Justin Fiske missed out on an award for his harmonious installation. Taking its cue from Paul Edmunds' paean to natural phenomena, Fiske used simple mechanics to create a wave of small rocks suspended at regular intervals on threads. Simply hung the pebbles are beautiful, offset by their floating shadows on the container wall. However, the piece came to life when operated by the handle. The handle creates a rhythmic movement in the pebbles, like a flag blowing in the wind. Fiske's manipulation of 'simple' mechanics is mind-blowingly aesthetic. Fiske includes a short DVD on the making of his pieces, which is largely unnecessary because the philosophic process is inherent in the pieces themselves.
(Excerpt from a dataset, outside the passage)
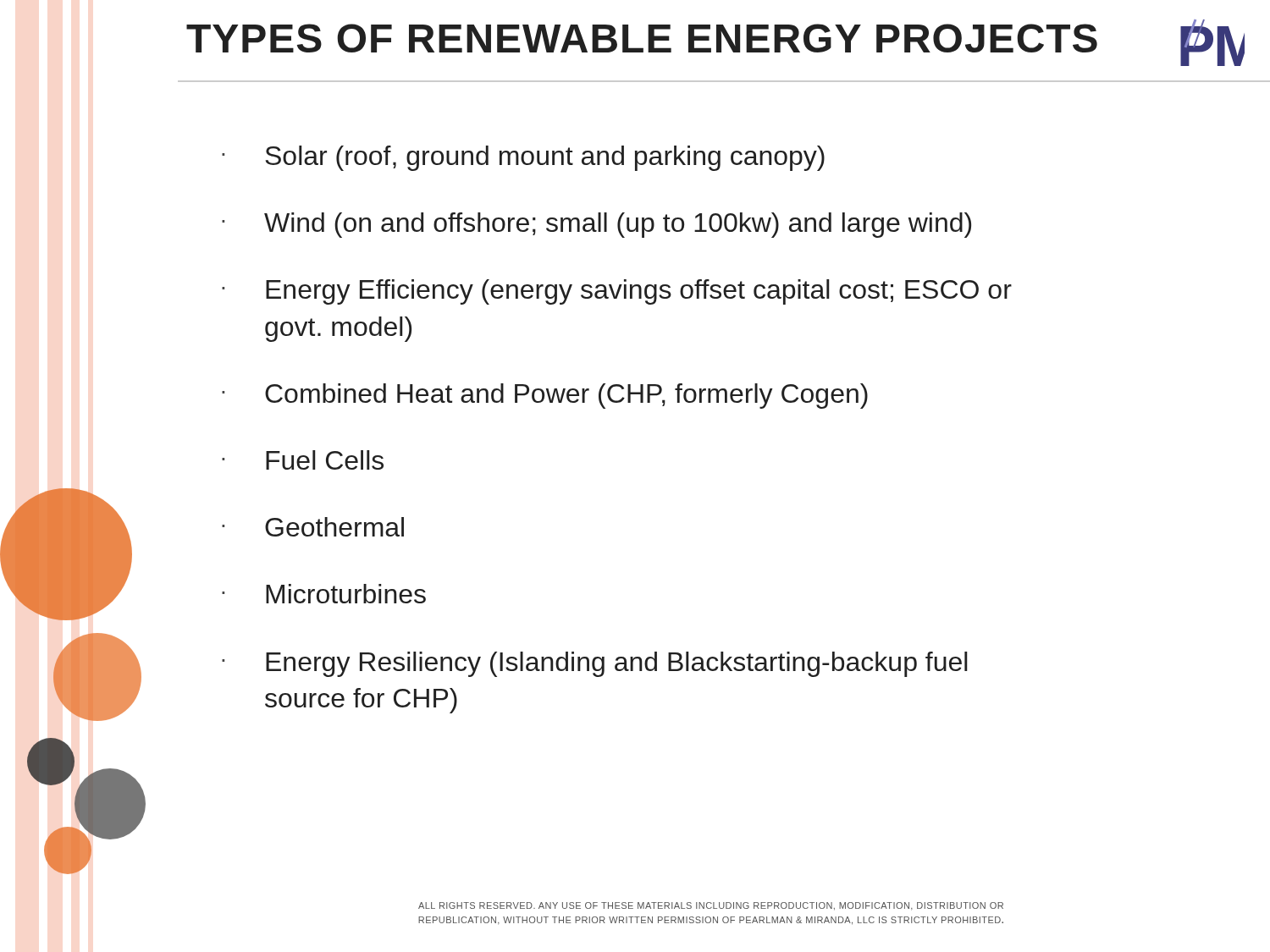Click the title
The image size is (1270, 952).
point(677,39)

Another impressive newcomer was Phula Richard Chauke. His collection of figurines includes a dedication to 'the greatest author of them all' - Shakespeare - and 'The man who changed South African history in 1652' - Jan van Riebeeck - as well as the 'Old man' of South Africa - Nelson Mandela. Surpassing the quality of any tourist figurine, the pieces reveal a deft touch and an astute and offbeat political commentary on post-colonialism. Van Riebeeck's mouth at half-cock and his popping eyes assert a new relationship between the Dutchman and the landscape he irrevocably changed. Rather than the stately presence usually associated with this icon, Chauke's van Riebeeck is a deeply shocked and disturbed man. Van Riebeeck's darkly pigmented skin - probably a legacy of more than 350 years under the African sun - is similarly disconcerting and quietly subversive of the politics of skin colour.
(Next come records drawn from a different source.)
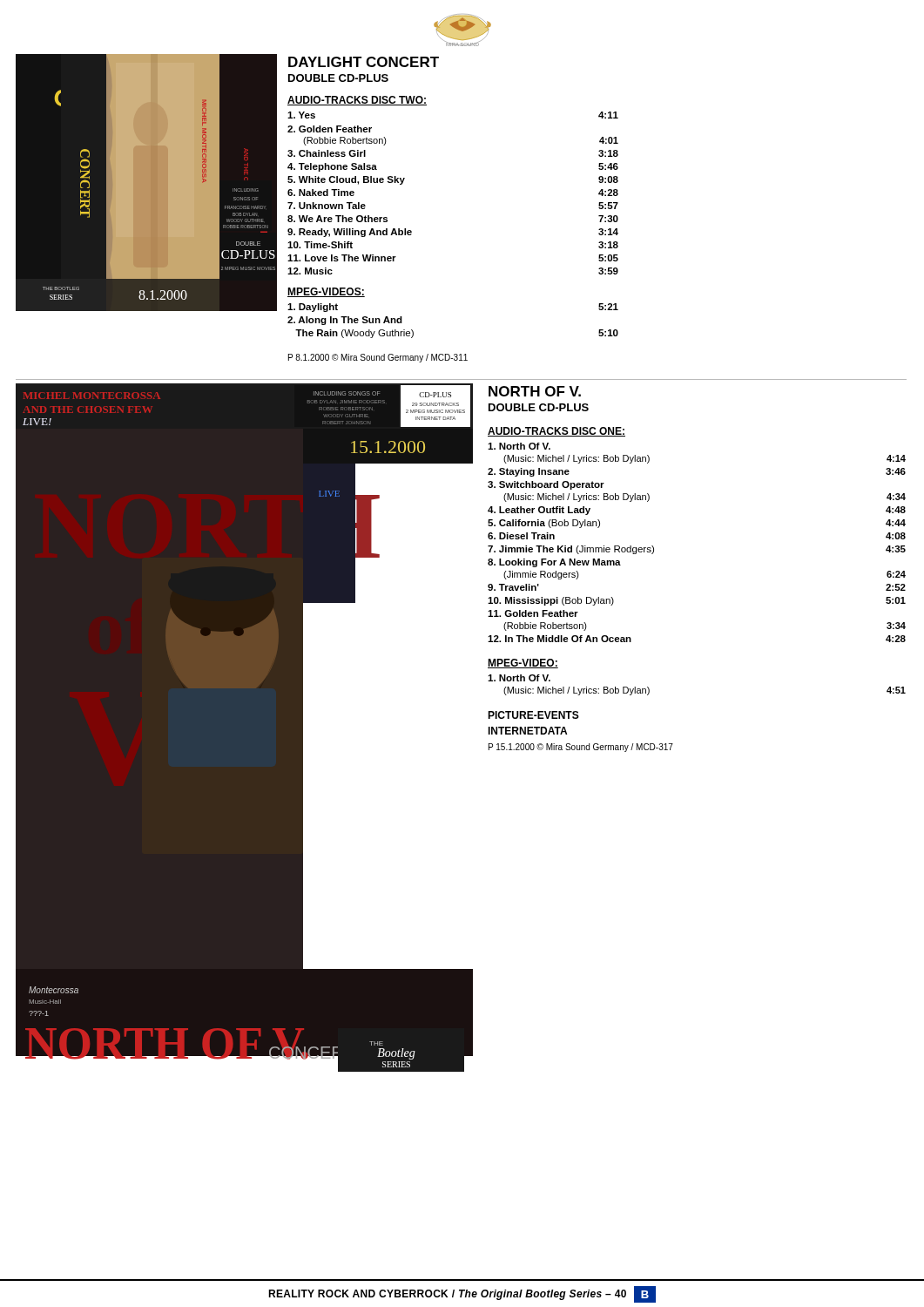Screen dimensions: 1307x924
Task: Find the section header that says "AUDIO-TRACKS DISC ONE:"
Action: pyautogui.click(x=556, y=431)
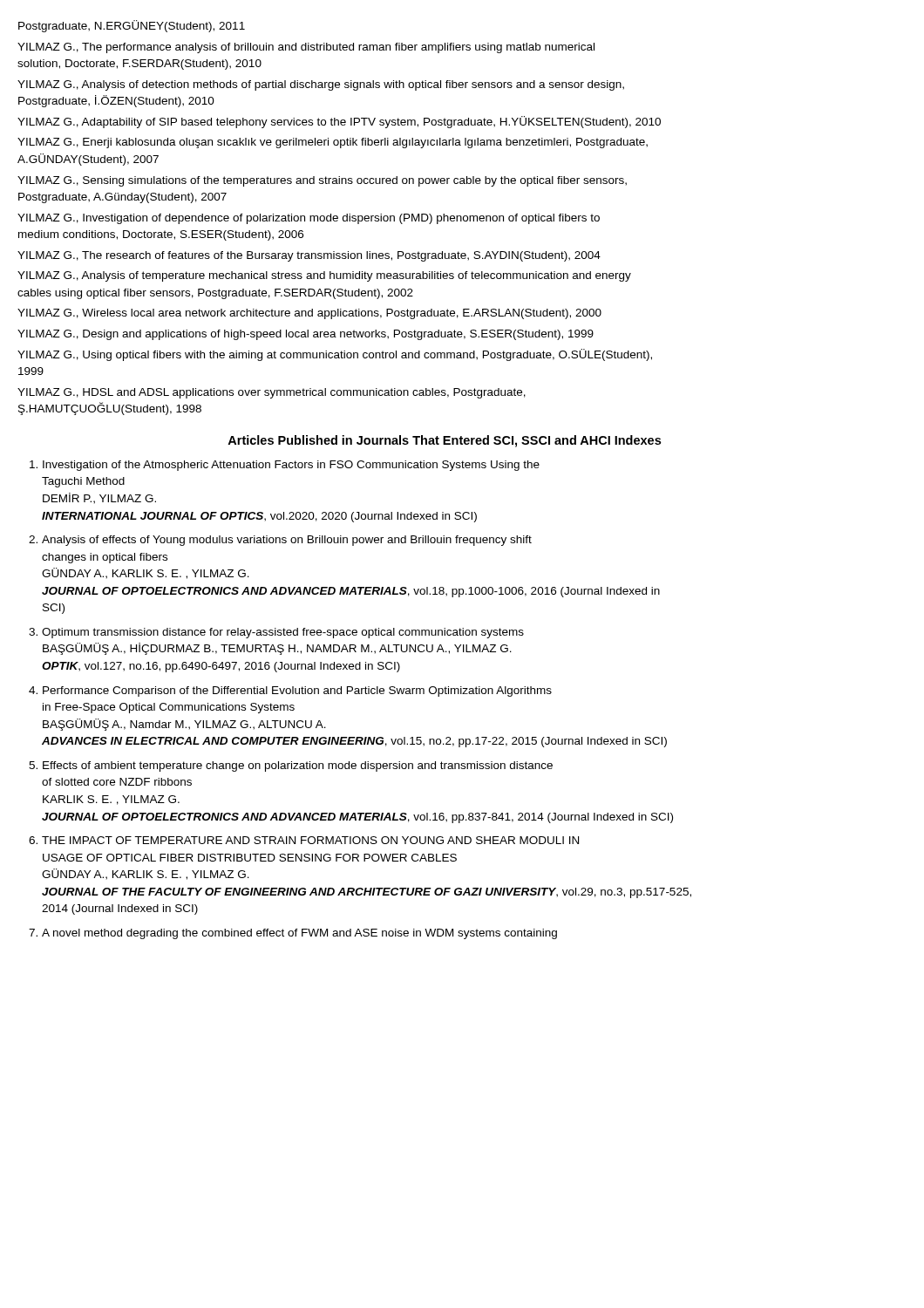Where is the passage that starts "YILMAZ G., Analysis of temperature"?
The image size is (924, 1308).
(324, 284)
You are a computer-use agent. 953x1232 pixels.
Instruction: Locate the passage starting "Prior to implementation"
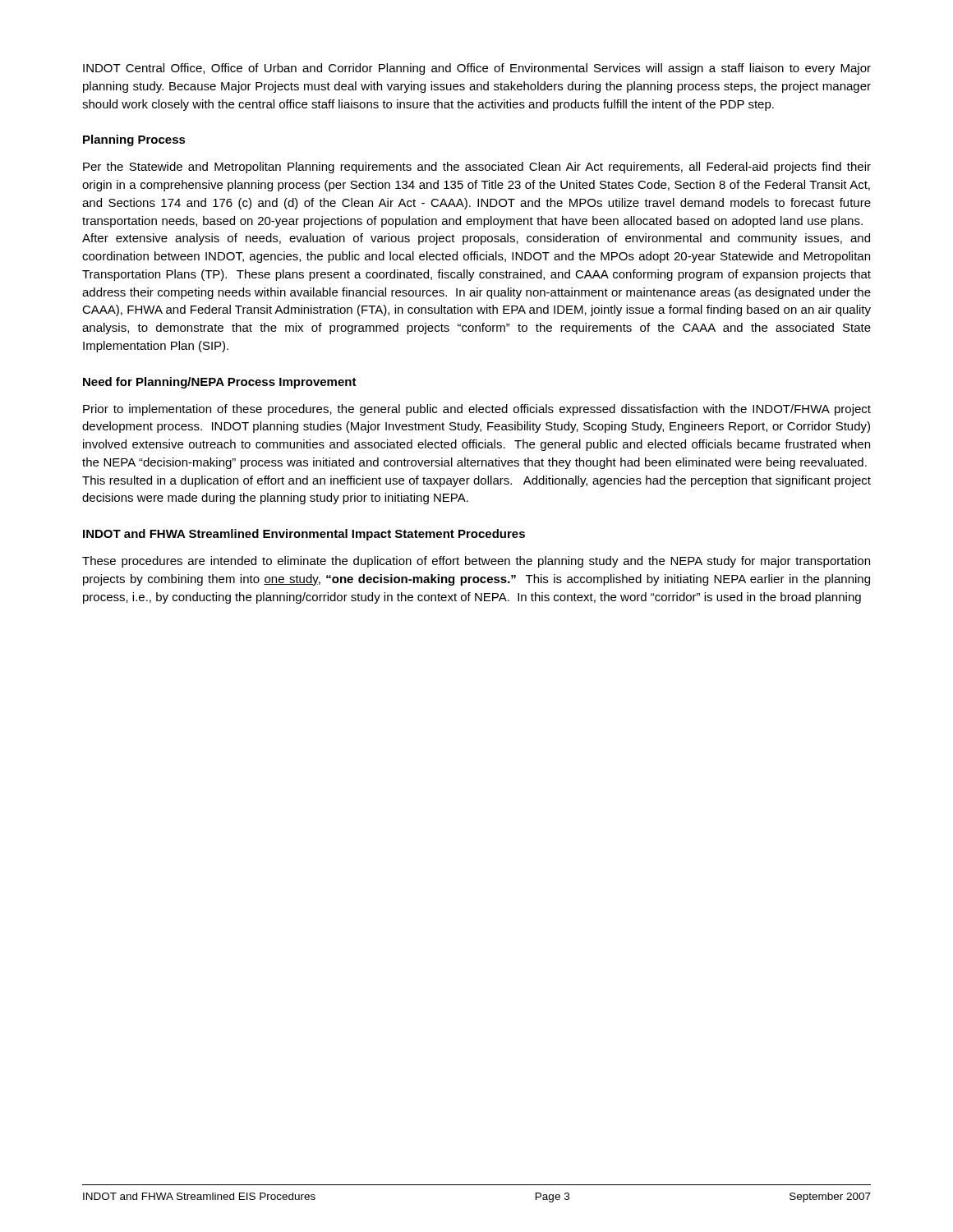(476, 453)

The organisers constructed a temporary space using massive containers to create walls and an elastic membrane as roofing. Interesting as this solution is, it was not without problems - including some awkward spaces and a weather sensitivity that puts cricketers to shame. As usual it was the new media works which suffered most harshly from bad spatial arrangements and an often unfortunate proximity. That said, the containers made an interesting back-drop to an exhibition that showed contemporary South African art awards are still in transit, moving towards a new model of presenting and celebrating contemporary art.
A certain continuity between the Brett Kebble Art Awards and the Spier Contemporary was apparent with the appearance of Doreen Southwood's dancers and Phillip Lice Rhikhotso's figures, but overall the Spier Contemporary offered a new take on the world of art awards with its rewarding of young collectives, unusual performances and installations. Without raising any one person to superstar status, the numerous winners will undoubtably attain a greater national profile hereafter. It is therefore an important platform and one that will undoubtably grow to become a vital part of the (bi-)annual art agenda. Spier Contemporary's collection for 2007 gave a broad and sweeping overview of current production, unlike more coherent and contained award exhibitions like the Sasol Wax Art Awards which limit their entrants to a small group of nominees. The quality of the work by some lesser-known artists vindicates this format.